Even with passage of the now endangered Affordable Care Act, we still have 28 million uninsured Americans. Based on reports in medical literature, this leads to over 36,000 deaths a year. Tens of millions more are underinsured, meaning that they can't afford the high out-of-pocket costs of their insurance plan. When faced with a serious illness or injury, they have the choices of going into debt, going broke or going without care. Meanwhile, insurers make billions in profits.

We pay more, but we get less. Where is the money going?

One place where we spend more than other nations is on administrative costs and insurer profits. Commercial insurers have overhead of 12-20 percent, compared to traditional Medicare, which is around 3 percent. All told, higher administrative costs add hundreds of billions a year to our health care tab.

High drug prices are another major contributor. If we negotiated and paid what most other nations do for medicines, we would save about $150 billion a year. The pharmaceutical industry has been raising drug prices relentlessly and made over $40 billion in profits in 2017.

Rising insulin prices killed Shane.

Faced with all of these considerations; the costs, the suffering and death, it is clear that something fundamental needs to change.

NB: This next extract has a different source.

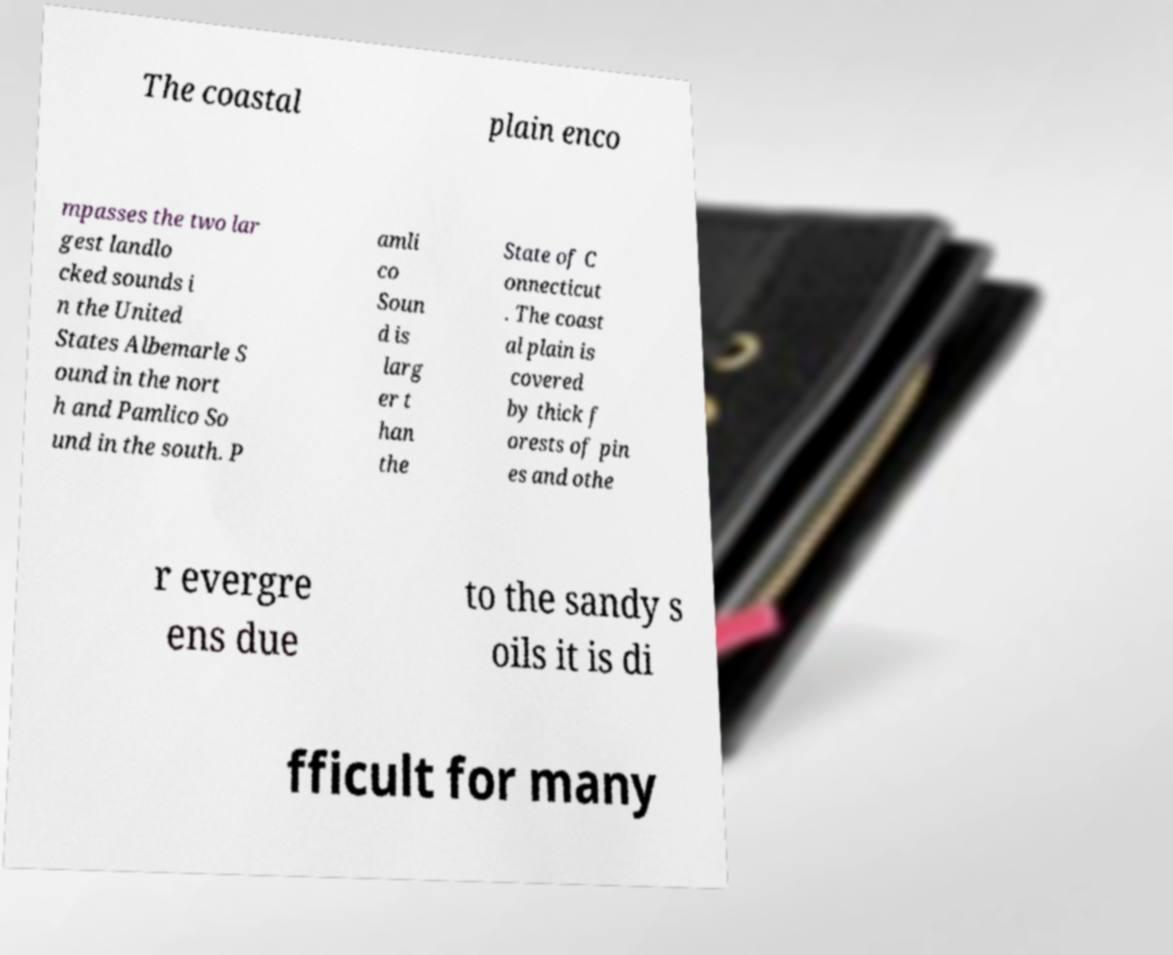Please read and relay the text visible in this image. What does it say? The coastal plain enco mpasses the two lar gest landlo cked sounds i n the United States Albemarle S ound in the nort h and Pamlico So und in the south. P amli co Soun d is larg er t han the State of C onnecticut . The coast al plain is covered by thick f orests of pin es and othe r evergre ens due to the sandy s oils it is di fficult for many 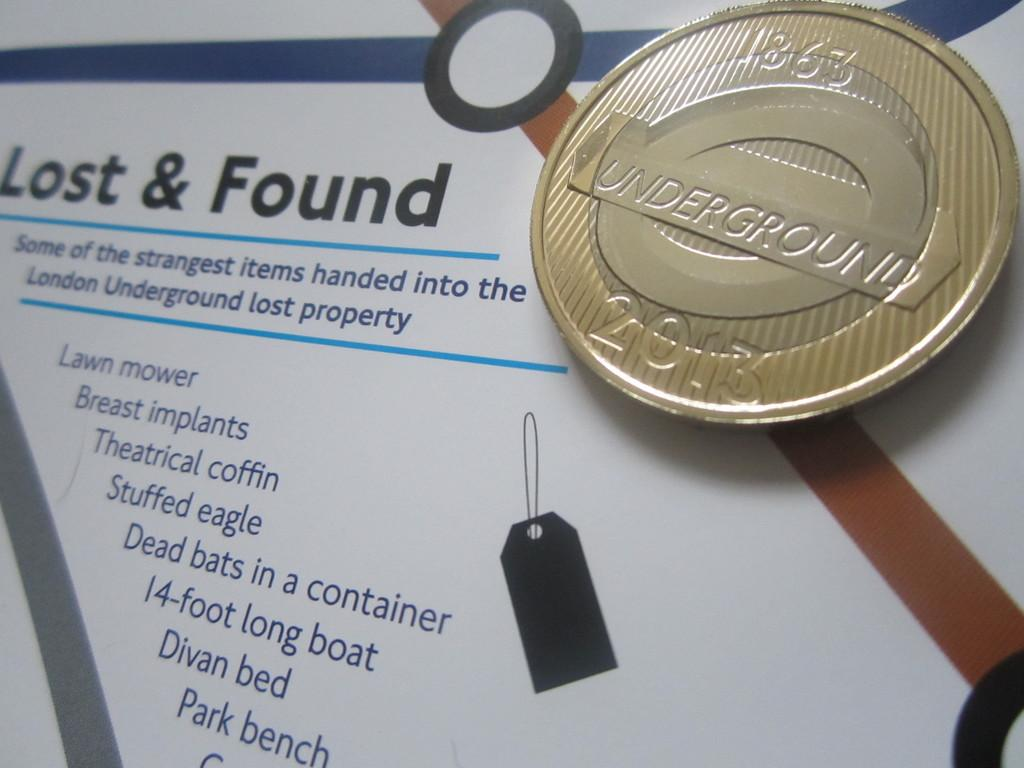<image>
Relay a brief, clear account of the picture shown. A lost and found poster with a London Underground coin

A single-payer, improved Medicare for All system provides the best way forward.

Under such a plan, as proposed in house bill HR 676, a government funded, national health insurance system is created. Providers would remain private. All people are provided comprehensive coverage from birth to death for medical, drug, dental, vision and long-term care. Mental health and addiction treatment are covered.

Additionally, there are no out-of-pocket expenses; no co-pays, deductibles or co-insurance.

One might logically ask how we could afford such a system. When factoring in administrative savings from reduced overhead, lower drug costs brought about by negotiating with pharmaceutical companies and other cost reductions, many studies indicate that our health care expenditures would actually be less than what we pay now.

Further evidence of this is demonstrated by what other nations with guaranteed coverage pay. Most of them spend around 11-12 percent of GDP, versus our 18 percent. If we were spending 12 percent of GDP, that would represent a trillion-dollar reduction per year.

More importantly, no one would be financially ruined by illness. No one would die because of a lack of coverage.

These are goals worthy of America. A single-payer system is the best way to achieve them.

Dr. John Perryman, of St. Charles, is a physician in the Rockford area and co-president of the northern Illinois branch of Physicians for a National Health Program.